One of the pros of using the bbc motion gallery is the ability to view a video (which are tagged with key words but the tags are more or a taxonomy rather than folksonomy as it is the bbc who ass the "search related keywords") and then choose the key words which allows an "intuitive" way to search.

Interesting is the ability to choose the "inspiration" link which provides a *concept randomiser* "spawning new keywords as fast as you can click."

500 new BBC clips added each month, feedback from establishments to dictate future content addtions, more content collections to be added each quarter, including both broadcast and niche archives, showcasing of student work, competition to encourage students to creatively use BBC material (winning entries will appear on BBC tv)




Professor Sean Street, Bournemouth University speaking about Online Access to the Archives of Independent Radio




Challenge: how to make available radio archives: radio.bufvc.ac.uk


(just tried to access the site but, sadly, my athens account doesn't give me access...so is this really accessible?)




We're being shown a radio documentary on Albert Pierrepoint called "The Hangman." Though a sound piece they're using windowms media player and have the image randomization turned on so we're all feeling slightly hypnotised.



Sean decides to show us how the search function works on this radio archive and decides to search for "suicide"..funnily enough: "no clips match your terms." The archive is still under construction.

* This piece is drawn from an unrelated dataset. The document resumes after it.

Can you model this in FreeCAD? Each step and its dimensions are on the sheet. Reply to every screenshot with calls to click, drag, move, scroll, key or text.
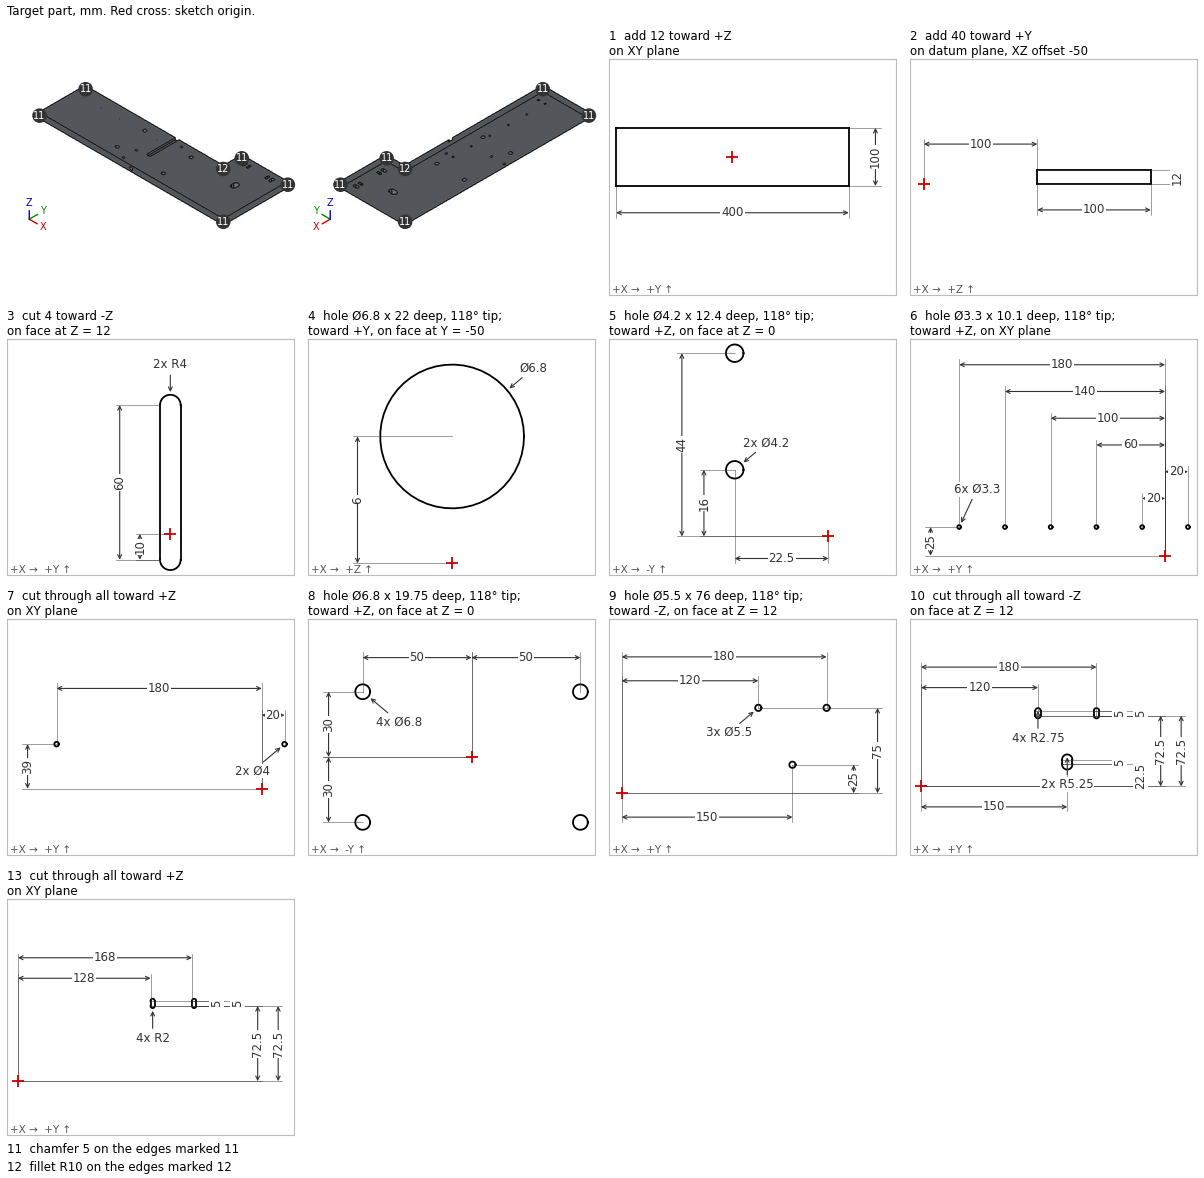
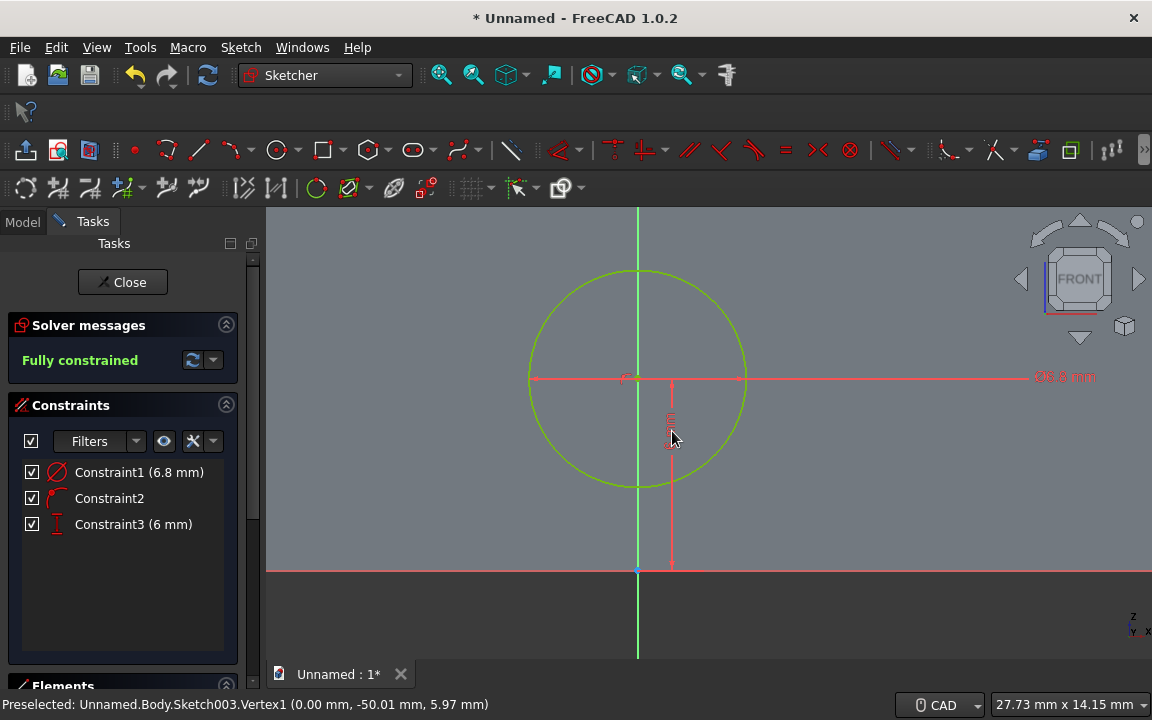
click(123, 282)

What is available is Brodsky and James Stewart, The Glen Miller Story (with some typos but we're told "it's a work in progress"). The idea of making independent radio clips available

The problem: the digitisation of clips. sticky-tape syndrome, some take was left to oxidise and that means part of the tape would be unreadable. The British Library figured out a way to *bake* the clips which could then be played ONCE and digitised then, if not the clips would be lost. This is restoration as well as access.




Nipan J. Maniar, head of advanced interactive multimedia research group (what a great job title!) at Uni. of Portsmouth. He's talking about the university's use of streaming media.



  • there are security issues, DRM
  • right now the database has to be updated manually so out of 3000 uploads only 380 are available
  • available in different kinds of quality because "bandwidth is not an issue" hrm...I think it's a huge issue in this country, some parts don't even have the possibility of broadband (lack of providers or inadequate lines etc..)
  • they track the usage of any media that *leaves* portsmouth
  • how to combine the teaching with the showing of streaming video? it shouldn't be a case of spectatorship but should be interactive
  • look at www.lifesign.ac.uk and stream.port.ac.uk but nanonet.org.uk seems to have a really useful tool that allows people to upload ppts and video so on one side of the screen there is an image (ppt or page of text) and on the other side of the screen is a video of a lecture or presentation.




Here is a sample of Nipan using streaming media in his lectures:


  • One stop media shop

  • securing media
  • http://www.blogger.com/img/gl.link.gif
  • log usage

  • tools for teachers - helpful way of encouraging/enabling academics' independency
    access to streaming media server


  • "it is good to give academics some weapons to make media interesting"


Nipan's idea to have educational media online for people to download as and when (like any other kind of video store but online and for educational media): www.sourcelearn.com.




Chris Lane: "Presentation of DVD player/text commentary software (DPTCS)


This seems to be an idea that allows DVD content to be re-edited and integrated with other media such as text etc...

as teachers, we are moving from film educators to film makers, enacting while teaching

why is more sohpisticated DVD control important - prepare a teaching presentation, embed production in student learning

There is a really great idea - add GIS information to films so that students can literally track not only the shots but how the events/timeline unfold - the actual physicality of the more ephemeral film.

They have also created a massive database of their films that means all film files are searchable by character (how many shots and types of shots, close up etc...), by mood, by lighting...a major taxonomy behind each film but how great a resource would this be in any classroom?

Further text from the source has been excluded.